(Saved data entries)
------------------------------------------------------------------------

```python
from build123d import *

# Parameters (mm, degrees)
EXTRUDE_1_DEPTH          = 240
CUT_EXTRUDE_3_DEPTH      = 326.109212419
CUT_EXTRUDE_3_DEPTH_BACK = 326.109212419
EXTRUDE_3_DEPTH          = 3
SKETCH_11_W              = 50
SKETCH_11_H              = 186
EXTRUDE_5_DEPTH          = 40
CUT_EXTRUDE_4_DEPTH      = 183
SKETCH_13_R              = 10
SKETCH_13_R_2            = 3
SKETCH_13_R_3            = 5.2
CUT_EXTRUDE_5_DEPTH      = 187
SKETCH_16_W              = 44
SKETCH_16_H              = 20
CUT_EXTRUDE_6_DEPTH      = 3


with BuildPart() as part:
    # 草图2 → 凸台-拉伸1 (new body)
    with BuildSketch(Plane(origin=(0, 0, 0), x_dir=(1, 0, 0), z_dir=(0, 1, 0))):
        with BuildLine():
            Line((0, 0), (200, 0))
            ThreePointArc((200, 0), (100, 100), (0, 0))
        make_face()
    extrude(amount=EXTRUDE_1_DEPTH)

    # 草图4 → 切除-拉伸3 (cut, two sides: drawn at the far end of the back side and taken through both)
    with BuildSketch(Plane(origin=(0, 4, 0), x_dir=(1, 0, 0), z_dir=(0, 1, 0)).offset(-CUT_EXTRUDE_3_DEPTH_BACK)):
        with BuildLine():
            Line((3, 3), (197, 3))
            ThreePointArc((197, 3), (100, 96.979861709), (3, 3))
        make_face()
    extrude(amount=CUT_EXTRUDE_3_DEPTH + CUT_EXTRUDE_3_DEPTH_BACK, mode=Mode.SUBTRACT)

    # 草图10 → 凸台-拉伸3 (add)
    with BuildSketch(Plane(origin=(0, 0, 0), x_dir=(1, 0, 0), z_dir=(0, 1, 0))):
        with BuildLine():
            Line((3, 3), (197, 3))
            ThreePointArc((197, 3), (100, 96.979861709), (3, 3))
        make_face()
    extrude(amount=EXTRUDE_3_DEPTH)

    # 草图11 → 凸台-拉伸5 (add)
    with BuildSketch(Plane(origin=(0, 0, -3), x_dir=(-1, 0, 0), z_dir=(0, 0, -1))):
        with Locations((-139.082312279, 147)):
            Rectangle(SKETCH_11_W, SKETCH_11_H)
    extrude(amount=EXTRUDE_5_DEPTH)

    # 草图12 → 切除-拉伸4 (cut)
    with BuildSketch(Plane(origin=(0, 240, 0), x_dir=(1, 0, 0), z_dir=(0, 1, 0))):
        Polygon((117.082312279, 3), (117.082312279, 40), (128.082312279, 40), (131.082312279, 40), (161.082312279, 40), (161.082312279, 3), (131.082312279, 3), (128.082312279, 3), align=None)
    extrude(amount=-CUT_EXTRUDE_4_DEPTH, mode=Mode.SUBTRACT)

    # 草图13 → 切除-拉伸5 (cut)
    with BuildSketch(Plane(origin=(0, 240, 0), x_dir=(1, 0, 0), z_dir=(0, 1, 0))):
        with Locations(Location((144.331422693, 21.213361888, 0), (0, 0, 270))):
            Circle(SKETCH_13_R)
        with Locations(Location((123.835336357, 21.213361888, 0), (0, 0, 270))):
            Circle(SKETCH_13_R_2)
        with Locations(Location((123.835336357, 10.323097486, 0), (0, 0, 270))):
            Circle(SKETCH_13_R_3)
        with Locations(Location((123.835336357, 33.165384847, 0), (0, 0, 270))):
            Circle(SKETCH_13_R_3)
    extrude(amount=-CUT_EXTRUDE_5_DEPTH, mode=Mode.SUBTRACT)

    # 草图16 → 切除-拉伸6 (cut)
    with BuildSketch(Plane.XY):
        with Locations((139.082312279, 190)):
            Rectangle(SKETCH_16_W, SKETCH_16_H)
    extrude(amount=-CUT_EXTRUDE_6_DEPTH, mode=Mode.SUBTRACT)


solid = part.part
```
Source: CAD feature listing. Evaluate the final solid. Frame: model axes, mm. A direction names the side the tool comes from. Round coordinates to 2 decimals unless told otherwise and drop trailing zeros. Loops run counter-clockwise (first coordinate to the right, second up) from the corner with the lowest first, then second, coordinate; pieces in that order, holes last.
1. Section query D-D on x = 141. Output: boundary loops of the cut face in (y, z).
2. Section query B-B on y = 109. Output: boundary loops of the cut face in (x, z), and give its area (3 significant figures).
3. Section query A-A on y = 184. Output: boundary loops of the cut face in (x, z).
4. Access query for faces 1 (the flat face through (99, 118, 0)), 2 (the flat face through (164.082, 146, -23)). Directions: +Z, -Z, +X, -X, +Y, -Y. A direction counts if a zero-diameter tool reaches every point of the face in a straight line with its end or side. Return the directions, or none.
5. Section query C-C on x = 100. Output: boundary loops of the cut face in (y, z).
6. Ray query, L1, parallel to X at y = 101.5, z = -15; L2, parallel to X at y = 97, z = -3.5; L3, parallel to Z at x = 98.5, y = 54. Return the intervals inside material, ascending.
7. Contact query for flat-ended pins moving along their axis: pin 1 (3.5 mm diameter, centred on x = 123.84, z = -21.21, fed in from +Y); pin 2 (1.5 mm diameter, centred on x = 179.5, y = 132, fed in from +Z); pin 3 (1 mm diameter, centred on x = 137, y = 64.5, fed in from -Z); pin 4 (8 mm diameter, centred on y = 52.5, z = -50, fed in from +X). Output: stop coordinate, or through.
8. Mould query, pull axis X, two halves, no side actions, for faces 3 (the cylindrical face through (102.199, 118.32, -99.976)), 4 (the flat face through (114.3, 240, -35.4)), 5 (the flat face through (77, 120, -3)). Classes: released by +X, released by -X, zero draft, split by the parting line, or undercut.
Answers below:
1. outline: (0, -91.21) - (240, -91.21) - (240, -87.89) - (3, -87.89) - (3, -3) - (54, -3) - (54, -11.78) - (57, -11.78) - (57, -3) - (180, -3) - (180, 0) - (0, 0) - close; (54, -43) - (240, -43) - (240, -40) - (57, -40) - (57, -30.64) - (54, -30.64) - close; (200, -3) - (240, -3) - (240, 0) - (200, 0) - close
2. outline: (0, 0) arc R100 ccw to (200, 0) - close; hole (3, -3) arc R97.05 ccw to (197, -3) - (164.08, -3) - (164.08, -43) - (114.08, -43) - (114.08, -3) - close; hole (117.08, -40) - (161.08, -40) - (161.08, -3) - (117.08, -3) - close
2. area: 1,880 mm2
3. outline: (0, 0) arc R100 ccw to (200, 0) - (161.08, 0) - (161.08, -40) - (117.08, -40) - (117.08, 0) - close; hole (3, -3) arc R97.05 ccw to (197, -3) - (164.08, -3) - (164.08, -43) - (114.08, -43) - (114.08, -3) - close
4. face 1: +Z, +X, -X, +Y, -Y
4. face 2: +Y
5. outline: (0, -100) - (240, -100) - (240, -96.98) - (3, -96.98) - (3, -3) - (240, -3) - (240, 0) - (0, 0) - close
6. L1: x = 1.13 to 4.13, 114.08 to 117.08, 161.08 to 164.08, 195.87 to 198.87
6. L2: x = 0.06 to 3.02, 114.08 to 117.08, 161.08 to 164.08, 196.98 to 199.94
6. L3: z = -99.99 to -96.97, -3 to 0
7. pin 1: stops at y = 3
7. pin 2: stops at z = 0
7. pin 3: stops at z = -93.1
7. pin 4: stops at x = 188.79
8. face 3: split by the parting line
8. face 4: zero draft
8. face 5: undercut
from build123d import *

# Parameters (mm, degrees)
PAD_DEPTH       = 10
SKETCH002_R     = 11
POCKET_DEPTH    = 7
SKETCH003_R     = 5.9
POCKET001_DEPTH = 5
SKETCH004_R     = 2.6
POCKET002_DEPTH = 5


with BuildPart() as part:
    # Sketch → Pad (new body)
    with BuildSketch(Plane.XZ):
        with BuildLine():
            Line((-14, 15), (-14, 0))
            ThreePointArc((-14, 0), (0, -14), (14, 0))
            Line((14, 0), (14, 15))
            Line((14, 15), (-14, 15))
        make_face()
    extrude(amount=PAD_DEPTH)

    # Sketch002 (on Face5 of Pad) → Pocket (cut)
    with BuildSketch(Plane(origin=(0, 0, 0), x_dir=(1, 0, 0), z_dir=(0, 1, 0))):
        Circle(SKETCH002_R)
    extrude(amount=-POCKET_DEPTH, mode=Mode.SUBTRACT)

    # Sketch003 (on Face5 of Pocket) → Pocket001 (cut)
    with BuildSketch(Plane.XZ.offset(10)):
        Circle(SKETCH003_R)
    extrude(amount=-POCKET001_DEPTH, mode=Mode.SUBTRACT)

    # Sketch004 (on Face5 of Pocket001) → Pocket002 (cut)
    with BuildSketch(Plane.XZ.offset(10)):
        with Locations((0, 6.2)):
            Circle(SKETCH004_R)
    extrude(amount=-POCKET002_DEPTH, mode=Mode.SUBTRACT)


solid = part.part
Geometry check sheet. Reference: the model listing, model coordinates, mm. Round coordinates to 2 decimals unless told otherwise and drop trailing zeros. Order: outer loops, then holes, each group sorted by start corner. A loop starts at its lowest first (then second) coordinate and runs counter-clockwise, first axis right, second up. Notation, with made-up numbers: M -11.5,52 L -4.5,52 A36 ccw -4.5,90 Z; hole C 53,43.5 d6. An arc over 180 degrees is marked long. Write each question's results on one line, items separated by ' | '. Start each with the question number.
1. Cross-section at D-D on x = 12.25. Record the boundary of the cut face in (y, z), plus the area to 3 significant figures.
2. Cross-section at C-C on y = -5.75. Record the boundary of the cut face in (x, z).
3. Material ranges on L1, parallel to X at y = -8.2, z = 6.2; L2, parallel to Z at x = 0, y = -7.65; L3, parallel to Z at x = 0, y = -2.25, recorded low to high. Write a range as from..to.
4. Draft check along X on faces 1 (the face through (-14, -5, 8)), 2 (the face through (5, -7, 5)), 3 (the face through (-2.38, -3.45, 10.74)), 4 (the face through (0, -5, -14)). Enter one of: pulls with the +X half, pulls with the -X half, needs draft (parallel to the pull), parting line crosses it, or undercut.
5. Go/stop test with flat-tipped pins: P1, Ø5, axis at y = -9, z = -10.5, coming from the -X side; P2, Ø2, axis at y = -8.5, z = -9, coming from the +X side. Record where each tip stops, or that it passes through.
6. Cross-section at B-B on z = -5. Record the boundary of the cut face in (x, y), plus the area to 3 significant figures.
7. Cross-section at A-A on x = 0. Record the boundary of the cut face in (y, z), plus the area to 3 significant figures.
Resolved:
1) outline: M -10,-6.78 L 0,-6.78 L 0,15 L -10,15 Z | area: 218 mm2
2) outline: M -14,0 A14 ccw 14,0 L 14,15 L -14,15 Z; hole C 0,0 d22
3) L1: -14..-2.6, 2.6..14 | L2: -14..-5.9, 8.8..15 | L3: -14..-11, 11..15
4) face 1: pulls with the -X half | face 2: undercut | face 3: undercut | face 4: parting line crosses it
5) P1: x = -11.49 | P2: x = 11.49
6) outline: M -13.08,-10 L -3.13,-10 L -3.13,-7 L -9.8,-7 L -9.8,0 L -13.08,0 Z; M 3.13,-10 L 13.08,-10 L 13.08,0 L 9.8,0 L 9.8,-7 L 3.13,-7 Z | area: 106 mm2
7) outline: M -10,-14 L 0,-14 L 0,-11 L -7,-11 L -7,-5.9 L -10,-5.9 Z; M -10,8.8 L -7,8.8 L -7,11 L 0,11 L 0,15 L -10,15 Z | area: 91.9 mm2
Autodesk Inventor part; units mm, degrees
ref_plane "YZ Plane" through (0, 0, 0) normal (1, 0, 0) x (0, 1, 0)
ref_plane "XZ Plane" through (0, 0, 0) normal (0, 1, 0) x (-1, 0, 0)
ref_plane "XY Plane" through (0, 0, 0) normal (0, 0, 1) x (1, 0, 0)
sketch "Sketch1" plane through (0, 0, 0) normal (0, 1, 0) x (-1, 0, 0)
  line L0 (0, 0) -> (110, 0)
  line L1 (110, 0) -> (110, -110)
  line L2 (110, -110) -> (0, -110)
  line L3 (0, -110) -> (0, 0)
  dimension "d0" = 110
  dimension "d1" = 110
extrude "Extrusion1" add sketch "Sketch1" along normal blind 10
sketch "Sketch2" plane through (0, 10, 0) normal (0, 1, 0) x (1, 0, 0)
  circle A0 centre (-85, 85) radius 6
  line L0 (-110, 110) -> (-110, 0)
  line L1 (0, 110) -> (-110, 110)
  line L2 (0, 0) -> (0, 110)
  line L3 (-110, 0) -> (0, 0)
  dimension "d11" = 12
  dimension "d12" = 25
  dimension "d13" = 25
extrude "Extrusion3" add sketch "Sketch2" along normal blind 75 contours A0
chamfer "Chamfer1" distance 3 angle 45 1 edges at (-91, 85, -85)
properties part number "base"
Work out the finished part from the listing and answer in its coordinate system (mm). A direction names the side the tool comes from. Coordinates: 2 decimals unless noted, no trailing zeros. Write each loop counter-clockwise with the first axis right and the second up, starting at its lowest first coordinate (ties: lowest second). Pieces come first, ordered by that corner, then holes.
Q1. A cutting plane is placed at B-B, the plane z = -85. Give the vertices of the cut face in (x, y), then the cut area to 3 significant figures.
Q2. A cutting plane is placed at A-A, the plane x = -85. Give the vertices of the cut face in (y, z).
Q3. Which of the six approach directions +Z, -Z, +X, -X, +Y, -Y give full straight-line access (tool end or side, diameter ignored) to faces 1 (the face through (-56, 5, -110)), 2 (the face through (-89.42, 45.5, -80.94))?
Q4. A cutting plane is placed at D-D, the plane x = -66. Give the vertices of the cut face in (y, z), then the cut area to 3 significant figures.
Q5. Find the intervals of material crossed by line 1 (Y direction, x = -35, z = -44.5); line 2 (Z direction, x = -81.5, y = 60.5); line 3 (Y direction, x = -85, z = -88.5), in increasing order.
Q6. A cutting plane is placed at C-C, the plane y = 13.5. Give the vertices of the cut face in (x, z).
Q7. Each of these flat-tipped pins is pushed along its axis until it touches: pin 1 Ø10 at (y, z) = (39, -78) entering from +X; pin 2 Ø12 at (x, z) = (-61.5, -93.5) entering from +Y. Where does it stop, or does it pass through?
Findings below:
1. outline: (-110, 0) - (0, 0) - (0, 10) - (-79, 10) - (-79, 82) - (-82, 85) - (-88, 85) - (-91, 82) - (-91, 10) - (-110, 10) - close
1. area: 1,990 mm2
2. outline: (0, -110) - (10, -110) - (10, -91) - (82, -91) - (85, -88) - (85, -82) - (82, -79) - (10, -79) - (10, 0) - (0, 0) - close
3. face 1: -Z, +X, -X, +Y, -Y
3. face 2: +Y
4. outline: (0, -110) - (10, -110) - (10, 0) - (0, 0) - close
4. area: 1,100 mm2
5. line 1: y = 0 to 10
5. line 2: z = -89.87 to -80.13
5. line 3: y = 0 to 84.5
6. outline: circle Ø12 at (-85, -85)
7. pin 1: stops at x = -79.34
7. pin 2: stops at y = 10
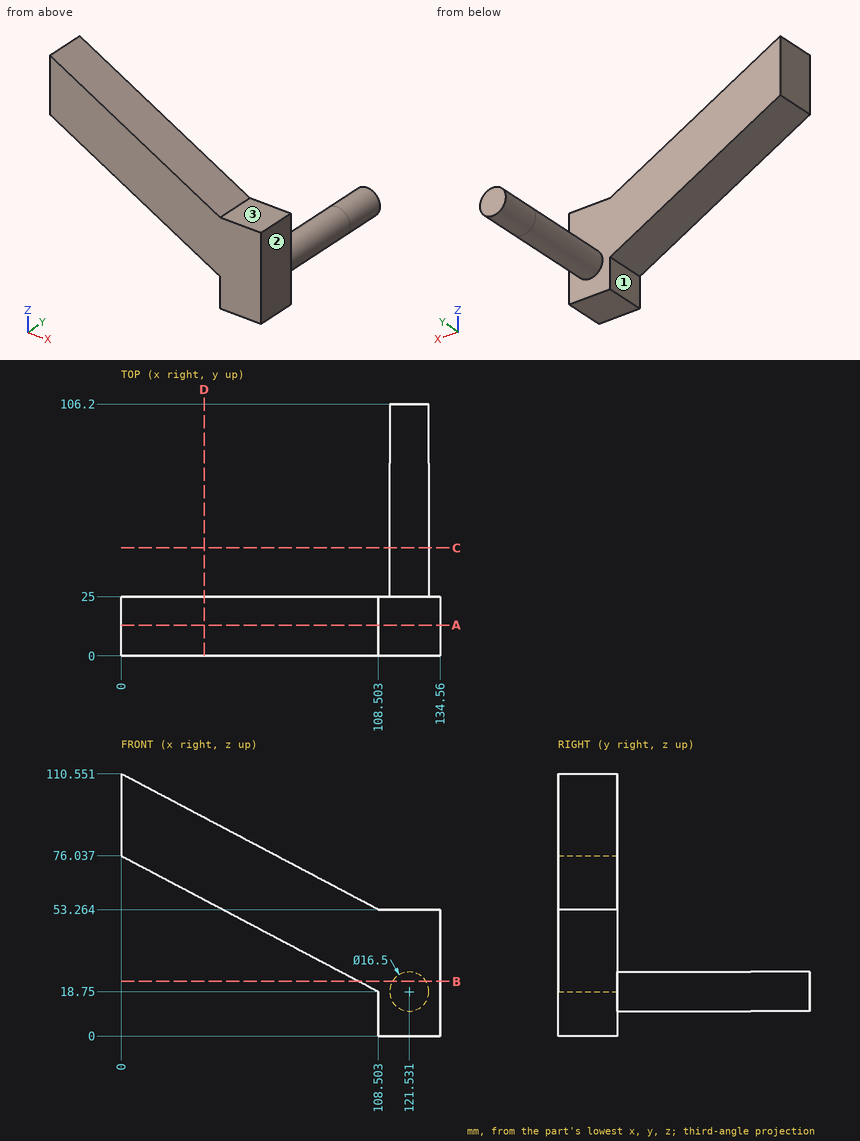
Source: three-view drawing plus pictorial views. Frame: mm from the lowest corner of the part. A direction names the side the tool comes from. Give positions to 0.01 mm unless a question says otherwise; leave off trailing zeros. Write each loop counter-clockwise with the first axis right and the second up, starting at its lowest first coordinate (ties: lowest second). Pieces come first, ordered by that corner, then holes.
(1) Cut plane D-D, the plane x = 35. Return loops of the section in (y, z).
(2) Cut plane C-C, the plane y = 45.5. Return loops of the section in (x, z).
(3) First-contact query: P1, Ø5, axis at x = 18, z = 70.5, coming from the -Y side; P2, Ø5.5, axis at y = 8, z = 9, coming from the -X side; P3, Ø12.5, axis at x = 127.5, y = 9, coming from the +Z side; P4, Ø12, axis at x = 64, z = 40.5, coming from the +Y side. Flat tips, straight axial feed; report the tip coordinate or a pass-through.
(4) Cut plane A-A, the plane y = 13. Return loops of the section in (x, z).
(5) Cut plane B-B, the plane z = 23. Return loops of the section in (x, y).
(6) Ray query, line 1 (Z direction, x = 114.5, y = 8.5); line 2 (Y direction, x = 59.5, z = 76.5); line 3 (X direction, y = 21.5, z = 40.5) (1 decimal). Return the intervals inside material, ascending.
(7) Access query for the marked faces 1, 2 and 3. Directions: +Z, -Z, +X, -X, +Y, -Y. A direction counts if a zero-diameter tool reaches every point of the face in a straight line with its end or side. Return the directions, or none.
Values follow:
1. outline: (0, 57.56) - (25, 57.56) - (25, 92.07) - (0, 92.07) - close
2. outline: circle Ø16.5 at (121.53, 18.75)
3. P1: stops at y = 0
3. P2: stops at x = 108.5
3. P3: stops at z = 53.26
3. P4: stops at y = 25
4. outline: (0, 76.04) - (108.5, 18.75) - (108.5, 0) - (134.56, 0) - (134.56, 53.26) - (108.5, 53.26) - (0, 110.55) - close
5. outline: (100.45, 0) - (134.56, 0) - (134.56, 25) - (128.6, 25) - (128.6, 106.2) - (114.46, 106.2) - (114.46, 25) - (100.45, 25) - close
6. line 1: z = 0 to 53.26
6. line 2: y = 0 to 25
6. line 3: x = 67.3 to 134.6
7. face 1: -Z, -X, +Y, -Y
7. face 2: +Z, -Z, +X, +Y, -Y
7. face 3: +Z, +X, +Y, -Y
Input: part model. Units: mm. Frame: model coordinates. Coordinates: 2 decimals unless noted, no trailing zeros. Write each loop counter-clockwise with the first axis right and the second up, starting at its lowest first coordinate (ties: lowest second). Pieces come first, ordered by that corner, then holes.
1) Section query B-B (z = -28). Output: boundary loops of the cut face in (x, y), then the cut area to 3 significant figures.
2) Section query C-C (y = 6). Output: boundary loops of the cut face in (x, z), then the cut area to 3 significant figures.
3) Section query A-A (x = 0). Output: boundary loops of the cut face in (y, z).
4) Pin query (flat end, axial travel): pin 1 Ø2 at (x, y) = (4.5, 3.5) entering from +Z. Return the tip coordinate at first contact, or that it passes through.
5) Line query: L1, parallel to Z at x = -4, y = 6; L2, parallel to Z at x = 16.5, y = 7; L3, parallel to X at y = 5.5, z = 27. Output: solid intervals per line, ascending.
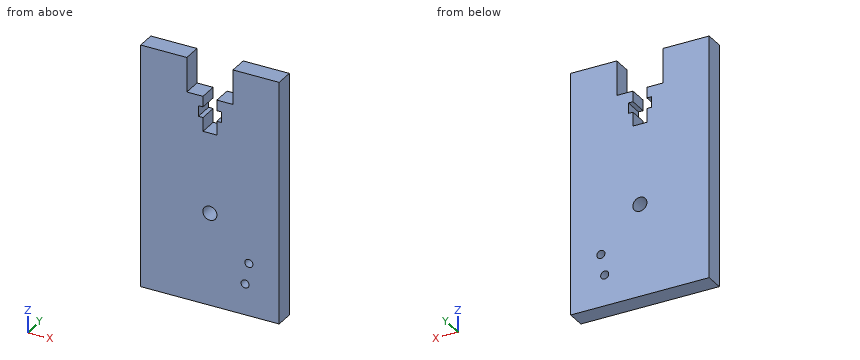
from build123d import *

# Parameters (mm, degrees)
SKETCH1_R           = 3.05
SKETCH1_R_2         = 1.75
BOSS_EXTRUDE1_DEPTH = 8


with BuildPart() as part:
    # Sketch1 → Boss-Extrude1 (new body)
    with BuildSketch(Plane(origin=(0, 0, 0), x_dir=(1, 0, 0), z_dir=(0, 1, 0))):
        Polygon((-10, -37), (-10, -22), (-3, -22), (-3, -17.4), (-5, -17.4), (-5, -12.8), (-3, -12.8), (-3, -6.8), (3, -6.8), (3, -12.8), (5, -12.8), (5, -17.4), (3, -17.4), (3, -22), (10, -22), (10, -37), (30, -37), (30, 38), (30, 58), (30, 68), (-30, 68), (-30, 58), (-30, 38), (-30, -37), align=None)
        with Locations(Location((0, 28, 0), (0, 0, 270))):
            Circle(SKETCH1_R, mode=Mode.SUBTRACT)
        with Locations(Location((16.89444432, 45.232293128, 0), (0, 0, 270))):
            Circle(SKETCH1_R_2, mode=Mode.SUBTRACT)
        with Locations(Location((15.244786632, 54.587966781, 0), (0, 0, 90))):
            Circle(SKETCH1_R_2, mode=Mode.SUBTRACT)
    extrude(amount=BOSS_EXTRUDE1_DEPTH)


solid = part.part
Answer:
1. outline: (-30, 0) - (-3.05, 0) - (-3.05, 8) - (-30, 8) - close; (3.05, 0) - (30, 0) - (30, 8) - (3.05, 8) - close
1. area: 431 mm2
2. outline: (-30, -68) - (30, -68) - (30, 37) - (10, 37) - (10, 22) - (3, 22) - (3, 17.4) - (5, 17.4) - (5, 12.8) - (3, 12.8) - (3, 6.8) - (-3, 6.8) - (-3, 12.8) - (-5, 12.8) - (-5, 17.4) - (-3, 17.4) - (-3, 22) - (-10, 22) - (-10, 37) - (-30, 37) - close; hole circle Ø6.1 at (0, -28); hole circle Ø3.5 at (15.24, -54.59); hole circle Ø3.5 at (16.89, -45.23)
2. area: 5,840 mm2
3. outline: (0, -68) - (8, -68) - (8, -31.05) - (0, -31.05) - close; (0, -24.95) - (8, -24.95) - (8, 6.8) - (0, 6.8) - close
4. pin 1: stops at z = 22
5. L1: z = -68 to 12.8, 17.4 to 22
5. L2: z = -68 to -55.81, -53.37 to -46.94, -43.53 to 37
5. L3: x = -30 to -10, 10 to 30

------------------------------------------------------------------------

**EXERCISE DESCRIPTION**
Copy each line of the data above that holds "pulls".

**SOLUTION BELOW**
4. Draft check along X on faces 1 (the face through (-14, -5, 8)), 2 (the face through (5, -7, 5)), 3 (the face through (-2.38, -3.45, 10.74)), 4 (the face through (0, -5, -14)). Enter one of: pulls with the +X half, pulls with the -X half, needs draft (parallel to the pull), parting line crosses it, or undercut.
4) face 1: pulls with the -X half | face 2: undercut | face 3: undercut | face 4: parting line crosses it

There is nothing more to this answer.